= Your instructions =
In the listing that follows, give every line again exactly and omit the pictures.

= Data provided =
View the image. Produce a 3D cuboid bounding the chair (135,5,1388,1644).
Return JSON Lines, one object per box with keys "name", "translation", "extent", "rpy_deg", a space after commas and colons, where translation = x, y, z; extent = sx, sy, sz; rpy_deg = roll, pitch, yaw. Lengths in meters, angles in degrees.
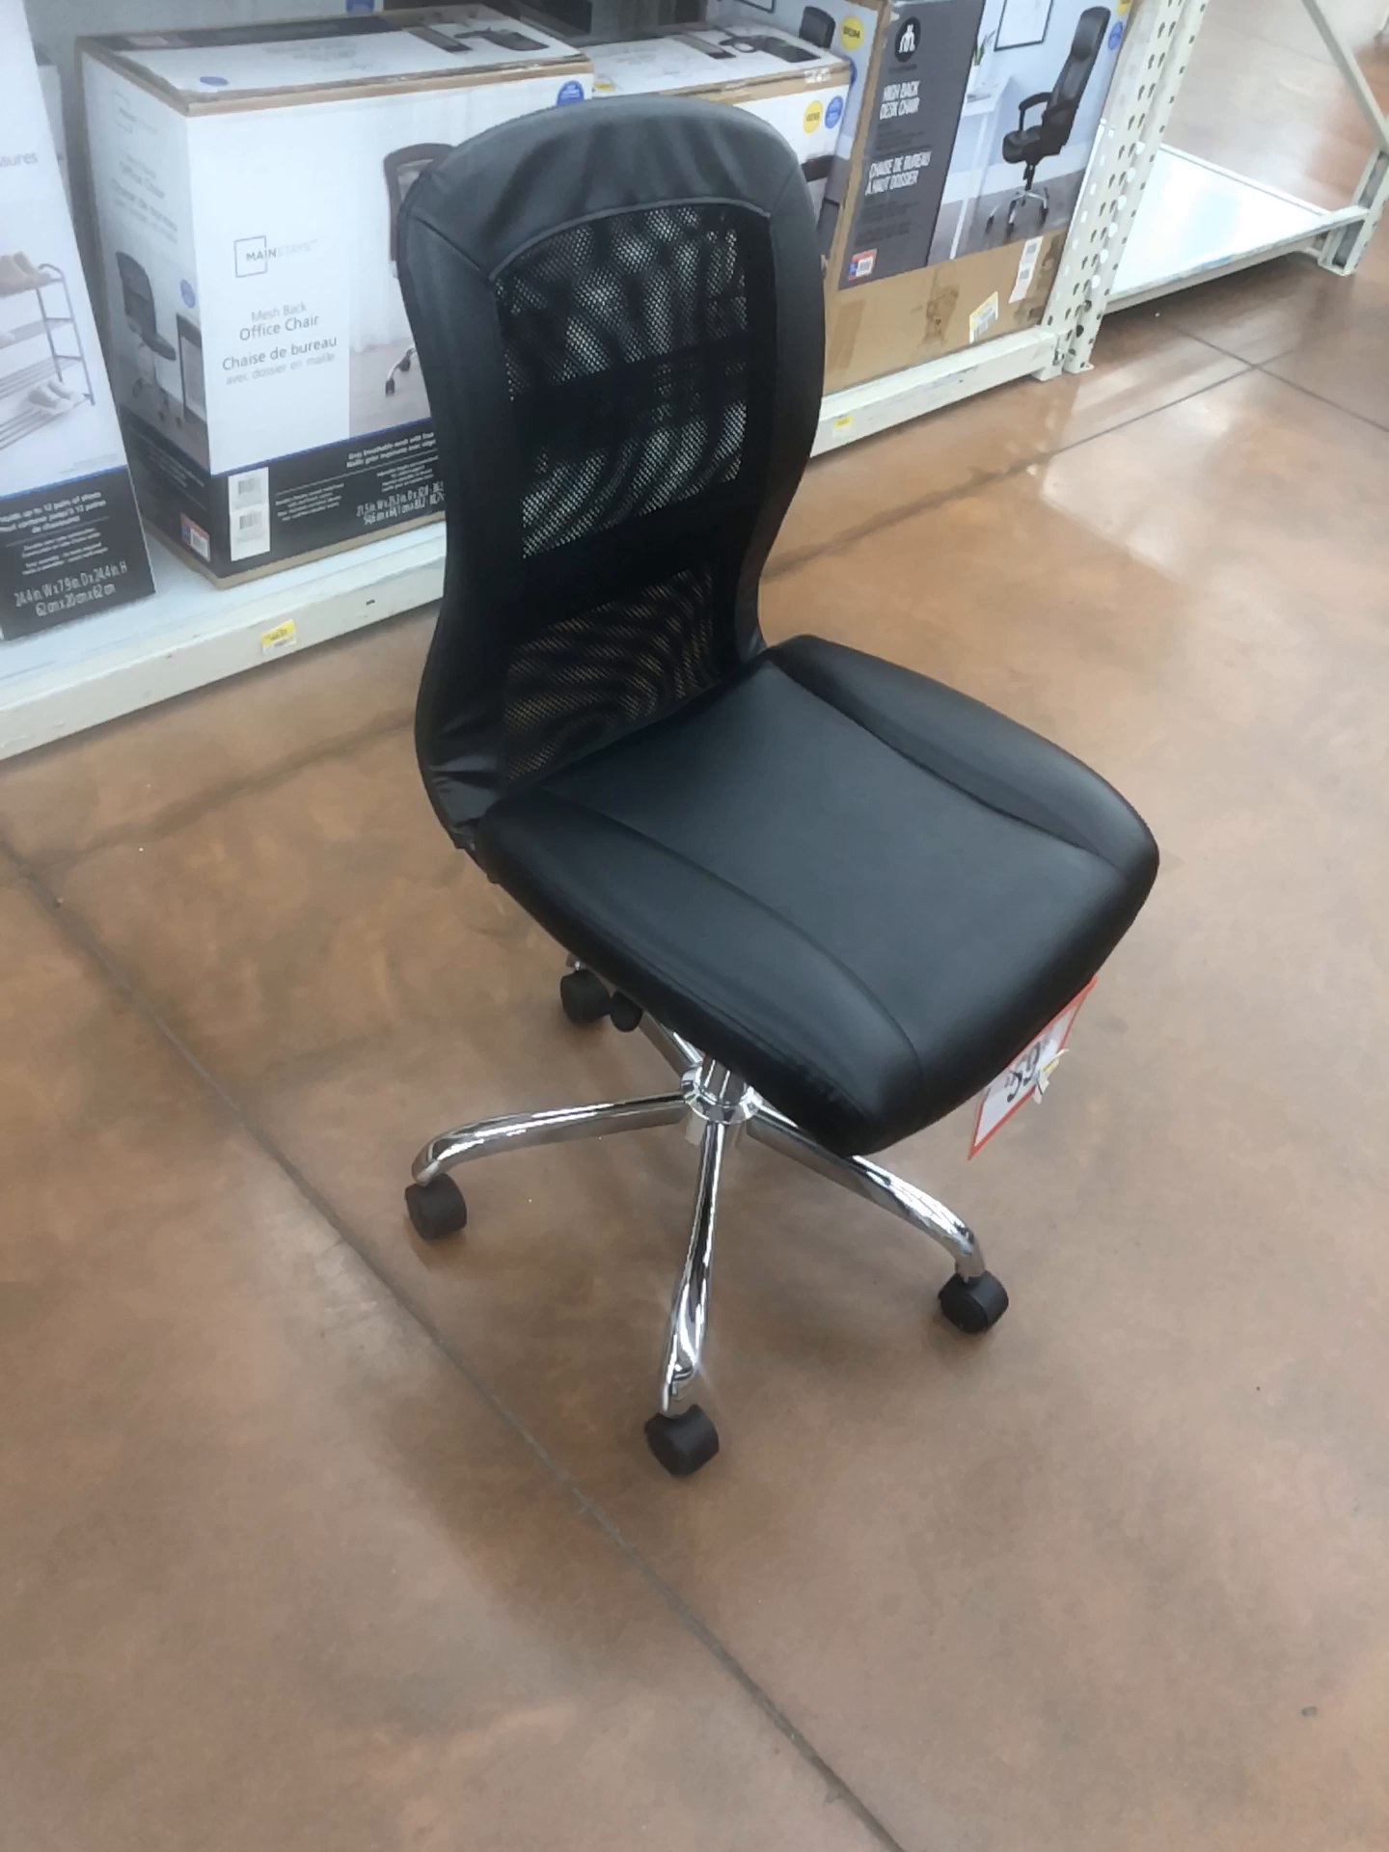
{"name": "chair", "translation": [0.112, -0.109, 1.145], "extent": [0.651, 0.817, 0.682], "rpy_deg": [37, 49, 25]}

= Response area =
View the image. Produce a 3D cuboid bounding the chair (135,5,1388,1644).
Return JSON Lines, one object per box with keys "name", "translation", "extent", "rpy_deg", a space after commas and colons, where translation = x, y, z; extent = sx, sy, sz; rpy_deg = roll, pitch, yaw. Lengths in meters, angles in degrees.
{"name": "chair", "translation": [0.112, -0.109, 1.145], "extent": [0.651, 0.817, 0.682], "rpy_deg": [37, 49, 25]}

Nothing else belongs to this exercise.